LAUSR

Abstract According to an earlier study, electrodialysis (ED) can efficiently separate most organic halogenated micropollutants from inorganic halogens (i.e., halides and oxyhalides) in water, with only a few micropollutants being poorly-recovered. To optimize the ED process and to gain in-depth knowledge of the mechanisms responsible for their low recoveries, this study designed some experiments to examine the fates and transports of three hard-to-separate organic halogen compounds. Results show that the dominant mechanism responsible for the loss of trichlorophenol (TCP) is migration and retention in the ion exchange membrane (IEM), the dominant mechanism for the loss of trichloroacetic acid (TCAA) is ion exchange with the IEM, and the dominant mechanism for the loss of trichloroacetonitrile (TCAN) is volatilization and chemical decomposition during the ED process.
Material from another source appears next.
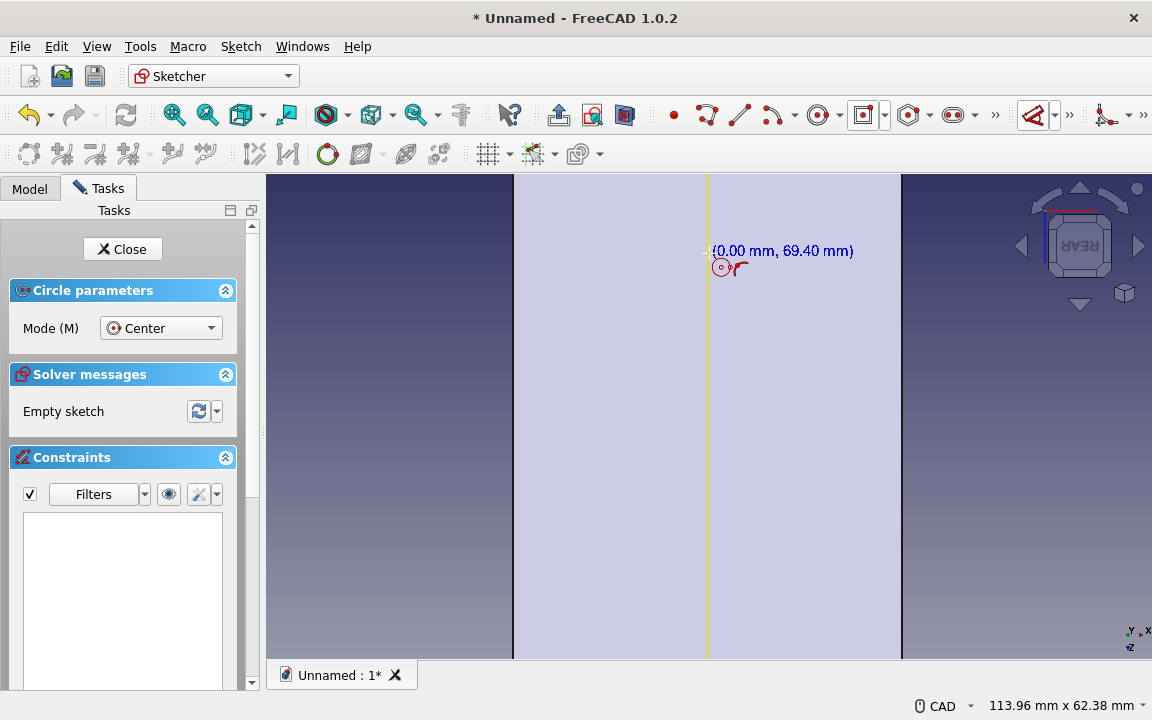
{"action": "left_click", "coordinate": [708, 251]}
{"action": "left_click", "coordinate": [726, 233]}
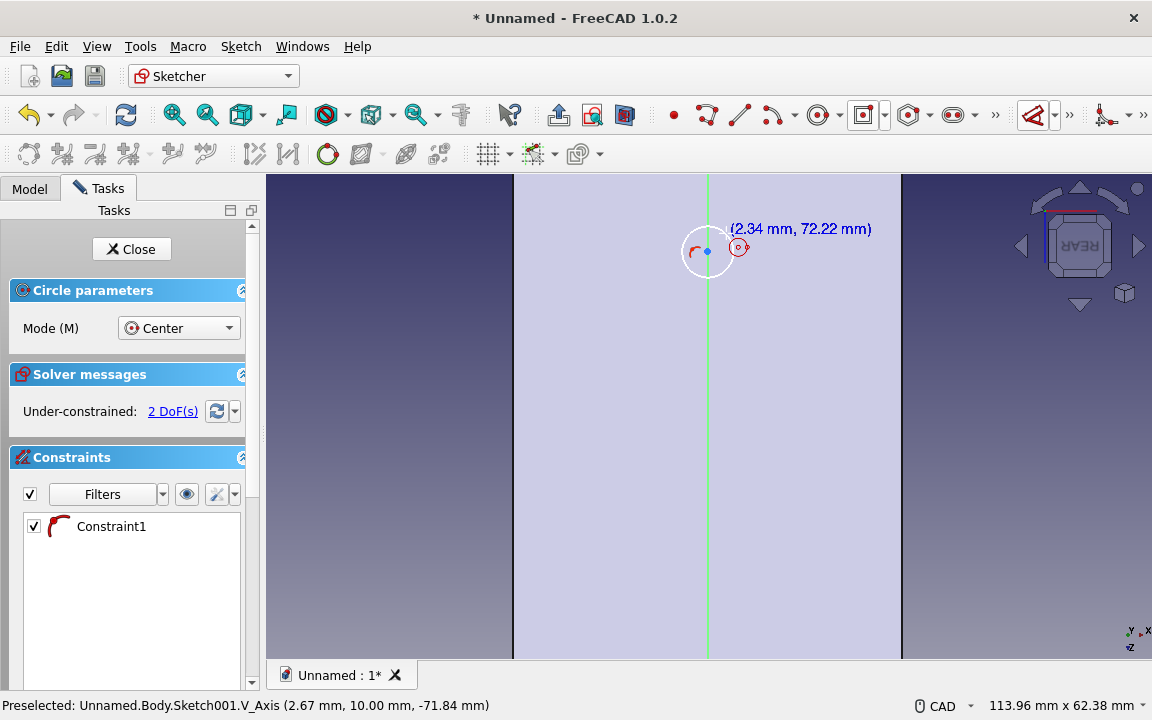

Optimizing specific operating conditions (e.g., sealing, voltage, and membrane type, etc.) can improve recovery of these micropollutants to 70.4 ∼ 95.8% while maintaining 90.4 ∼ 99.5% removal of chloride. Even though TCAN underwent hydrolysis, we recovered 82.0% chlorine from TCAN and its hydrolytic products. These results may help not only better understand the fates and transports of organic micropollutants during the ED process, but also help facilitate application of electrodialysis technique for measuring total organic halogen.